April 30, 2015

Room Nine

In the most recent post of my juvenilia series, I promised to share a story from fifth grade that is maybe supposed to be a mystery, though it leaves the reader with rather more questions than it answers:

"Room Nine"

"But I can't, I just can't take a room numbered nine!" cried Ms. Raven.

"Mother," said Kitty, "please be reasonable. It's the only room the hotel has. It's eleven thirty, and you can't drive with all this rain."

"You're right, Kitty," sighed Ms. Raven. To the desk clerk she said, "We'll take it."

When they were settled in their room, Kitty wrote in her diary.

August 9, 1983

Poor Mother. Ever since Father's death on September ninth (that's 9/9), she has been so scared of the number nine. And now, on the ninth of the month, we have room nine. I wish she would get over her fear.

Kitty put away her diary and went to bed.

Though she was only fourteen, it sometimes seemed that Kitty was taking care of her forty year old mother. True, Ms. Raven earned the money to support herself and her daughter, but it seemed that she needed Kitty to survive.

In the middle of the night, Kitty awoke with a start. She had heard a huge crack over her head, and it wasn't lightning.
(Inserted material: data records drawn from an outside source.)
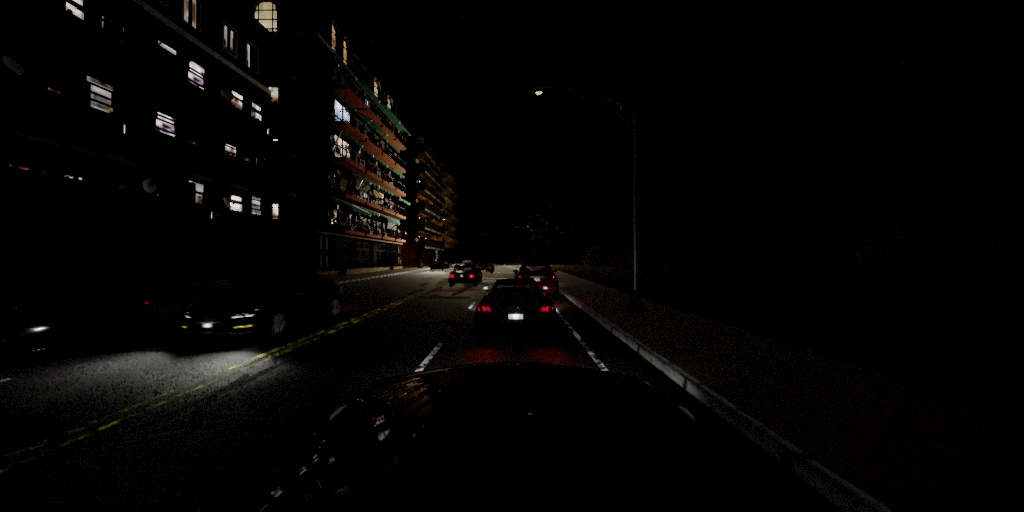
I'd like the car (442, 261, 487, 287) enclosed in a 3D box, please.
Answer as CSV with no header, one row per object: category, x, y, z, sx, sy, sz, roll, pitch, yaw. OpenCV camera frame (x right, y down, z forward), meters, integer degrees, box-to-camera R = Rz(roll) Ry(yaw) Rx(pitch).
car,-3.132,1.299,24.786,2.033,1.411,5.357,0,0,0

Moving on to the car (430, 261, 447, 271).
car,-9.824,1.352,48.763,1.895,1.301,4.718,0,0,0

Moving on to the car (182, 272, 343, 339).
car,-6.596,1.256,10.190,1.837,1.490,4.892,0,0,0

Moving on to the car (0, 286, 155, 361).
car,-9.848,1.315,7.110,1.994,1.385,4.181,0,0,0

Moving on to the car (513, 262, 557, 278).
car,1.146,1.103,18.548,2.097,1.767,4.553,0,0,0

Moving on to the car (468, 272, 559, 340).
car,0.099,1.315,9.967,1.994,1.385,4.181,0,0,0

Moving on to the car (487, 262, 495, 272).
car,-3.127,1.352,43.547,1.895,1.301,4.718,0,0,0

"Kitty, did you hear that crack?" called Ms. Raven out of the darkness.

"Yes, Mother."

Kitty got up and turned on the light. When her eyes grew accustomed to it, she realized that there was a big branch coming out of the ceiling!
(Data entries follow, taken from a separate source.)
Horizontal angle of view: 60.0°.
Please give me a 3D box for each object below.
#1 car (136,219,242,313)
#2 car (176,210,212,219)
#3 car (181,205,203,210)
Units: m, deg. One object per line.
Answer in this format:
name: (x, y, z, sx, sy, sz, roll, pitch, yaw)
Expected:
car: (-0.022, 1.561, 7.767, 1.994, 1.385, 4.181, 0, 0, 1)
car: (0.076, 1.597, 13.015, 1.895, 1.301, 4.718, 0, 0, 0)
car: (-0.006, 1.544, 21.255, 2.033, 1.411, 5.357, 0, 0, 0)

There was a knock at the door. Kitty opened it and found the manager standing there.

"I see that old tree finally came down," he said. "If that branch is bothering you, you can sleep in my room."

"No, thank you," said Ms. Raven. "We're fine."

When the manager had left, Ms. Raven showed Kitty an old piece of paper. On it was written: "This room was built by P.Q. Raven."

"Why that's Father," exclaimed Kitty.

"Yes," said Ms. Raven. "He must have built this note into the ceiling, and the branch knocked it out. Now I remember that nine was his favorite number. Now it's mine, too."

I mean, what?

April 17, 2015

This Is 40

Today is my birthday. I've missed my chance to appear on a best-under-40 list, but I can now take as long as I like to claim the questionable title of late-blooming writer.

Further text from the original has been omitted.